The research explores the influence our peers have on our decisions, and in particular whether this influence causes a cascade of decisions.  They want to test whether the order of this cascade can create particularly favorable decisions.

“Often, cascading behavior in a social network is guided by an entity that wants to achieve a certain outcome,” they say. “For example, a company might be trying to guide the adoption of a product by word-of-mouth effects, or a political movement might be trying to guide the success of its message in a population.”

Cascades are well known to differ depending upon the order in which people make decisions.  For instance, the consequences of early decisions, especially if made by influential people, can thus be amplified by the time they reach the rest of the network.

“Our work began from the realization that an organization trying to guide the success of a cascade sometimes has an interesting source of leverage under its control —- the timing by which it introduces the cascade to different parts of the network,” the researchers explain. “Consider for example how a company can choose to roll out a product at different times in different geographic areas or to different markets.”

The study found that the timing was crucial to the way decisions filtrated through the network.  They found that when the timing was right, the cascade had a much better chance of spreading widely.  Get the timing wrong however and it barely makes any headway at all.

The challenge thus becomes how to accurately predict what that timing is.  It’s a topic that has largely been un-explored by research to date.

The researchers created an algorithm to test various schedules and the subsequent dissemination throughout the network, using a preference for one of a selection of products as their chosen decision.

From this they were able to determine both the preferred product of each individual, and the collective popularity of each product within that persons social network.

“Our work has identified these timing effects as an important potential strategy for catalyzing a cascade.

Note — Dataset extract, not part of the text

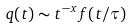<formula> <loc_0><loc_0><loc_500><loc_500>q ( t ) \sim t ^ { - x } f ( t / \tau )</formula>

But our analyses work with a relatively streamlined model of individual decision-making,” the researchers conclude. “It would be very interesting to think about how our results could be extended to handle richer models of behavior at the individual level. And with richer models, it would also be interesting to look at datasets of product adoption over time, to see if we can identify cases in which an effective timing strategy was used, and to extract general principles from this kind of data.”